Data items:
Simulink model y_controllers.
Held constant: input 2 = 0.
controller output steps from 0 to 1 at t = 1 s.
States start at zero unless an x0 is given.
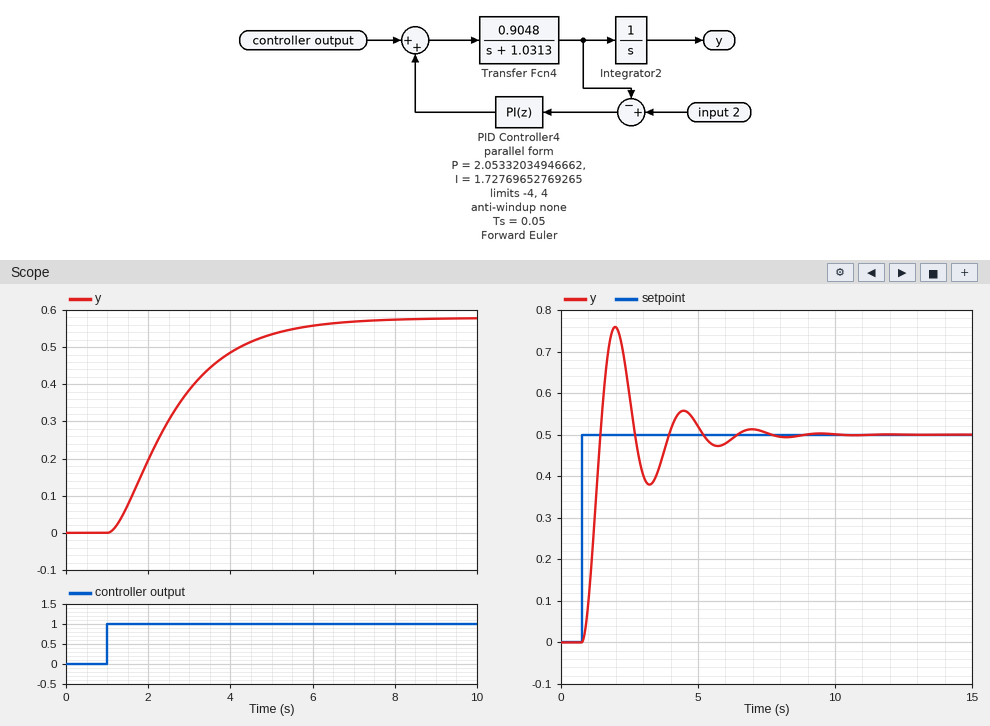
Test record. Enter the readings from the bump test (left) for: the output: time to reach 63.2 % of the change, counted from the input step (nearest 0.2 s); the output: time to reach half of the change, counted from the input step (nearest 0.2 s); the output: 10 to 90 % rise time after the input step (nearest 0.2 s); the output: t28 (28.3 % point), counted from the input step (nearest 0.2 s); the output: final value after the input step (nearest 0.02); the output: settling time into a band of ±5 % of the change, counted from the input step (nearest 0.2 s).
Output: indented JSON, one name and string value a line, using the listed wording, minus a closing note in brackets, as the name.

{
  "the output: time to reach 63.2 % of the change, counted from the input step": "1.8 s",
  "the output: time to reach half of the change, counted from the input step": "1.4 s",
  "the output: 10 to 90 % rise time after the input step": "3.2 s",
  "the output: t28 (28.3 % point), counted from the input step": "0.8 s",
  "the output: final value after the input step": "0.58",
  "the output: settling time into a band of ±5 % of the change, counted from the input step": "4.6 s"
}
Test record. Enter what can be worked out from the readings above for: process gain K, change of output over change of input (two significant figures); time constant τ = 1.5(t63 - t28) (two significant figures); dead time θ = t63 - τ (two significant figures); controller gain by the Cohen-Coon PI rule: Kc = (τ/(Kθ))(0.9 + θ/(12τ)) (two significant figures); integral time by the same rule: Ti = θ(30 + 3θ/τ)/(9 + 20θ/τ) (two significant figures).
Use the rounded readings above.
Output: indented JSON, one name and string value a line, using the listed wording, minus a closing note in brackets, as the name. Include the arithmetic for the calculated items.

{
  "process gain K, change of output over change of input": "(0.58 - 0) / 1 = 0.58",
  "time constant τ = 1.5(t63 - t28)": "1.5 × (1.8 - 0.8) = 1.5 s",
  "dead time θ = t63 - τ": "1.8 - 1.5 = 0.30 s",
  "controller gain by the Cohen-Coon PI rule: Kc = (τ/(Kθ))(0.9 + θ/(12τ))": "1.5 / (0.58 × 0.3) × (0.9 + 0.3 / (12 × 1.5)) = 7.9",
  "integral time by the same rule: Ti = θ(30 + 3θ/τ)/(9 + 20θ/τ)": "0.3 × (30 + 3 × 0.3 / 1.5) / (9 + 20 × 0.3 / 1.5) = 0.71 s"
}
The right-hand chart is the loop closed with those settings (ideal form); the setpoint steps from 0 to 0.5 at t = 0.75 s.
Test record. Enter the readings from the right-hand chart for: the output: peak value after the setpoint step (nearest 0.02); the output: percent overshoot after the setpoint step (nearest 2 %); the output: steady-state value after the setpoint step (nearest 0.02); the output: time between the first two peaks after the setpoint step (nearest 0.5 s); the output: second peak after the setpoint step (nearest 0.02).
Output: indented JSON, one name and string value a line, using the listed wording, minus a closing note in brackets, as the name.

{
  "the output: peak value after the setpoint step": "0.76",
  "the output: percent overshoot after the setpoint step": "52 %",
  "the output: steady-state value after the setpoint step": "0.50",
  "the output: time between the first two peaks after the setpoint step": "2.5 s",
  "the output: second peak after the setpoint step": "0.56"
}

* PROBLEM DETAILS *
Filter the entries down to the lines that hold "readings". Copy those lines.

* YOUR RESPONSE *
Test record. Enter the readings from the bump test (left) for: the output: time to reach 63.2 % of the change, counted from the input step (nearest 0.2 s); the output: time to reach half of the change, counted from the input step (nearest 0.2 s); the output: 10 to 90 % rise time after the input step (nearest 0.2 s); the output: t28 (28.3 % point), counted from the input step (nearest 0.2 s); the output: final value after the input step (nearest 0.02); the output: settling time into a band of ±5 % of the change, counted from the input step (nearest 0.2 s).
Test record. Enter what can be worked out from the readings above for: process gain K, change of output over change of input (two significant figures); time constant τ = 1.5(t63 - t28) (two significant figures); dead time θ = t63 - τ (two significant figures); controller gain by the Cohen-Coon PI rule: Kc = (τ/(Kθ))(0.9 + θ/(12τ)) (two significant figures); integral time by the same rule: Ti = θ(30 + 3θ/τ)/(9 + 20θ/τ) (two significant figures).
Use the rounded readings above.
Test record. Enter the readings from the right-hand chart for: the output: peak value after the setpoint step (nearest 0.02); the output: percent overshoot after the setpoint step (nearest 2 %); the output: steady-state value after the setpoint step (nearest 0.02); the output: time between the first two peaks after the setpoint step (nearest 0.5 s); the output: second peak after the setpoint step (nearest 0.02).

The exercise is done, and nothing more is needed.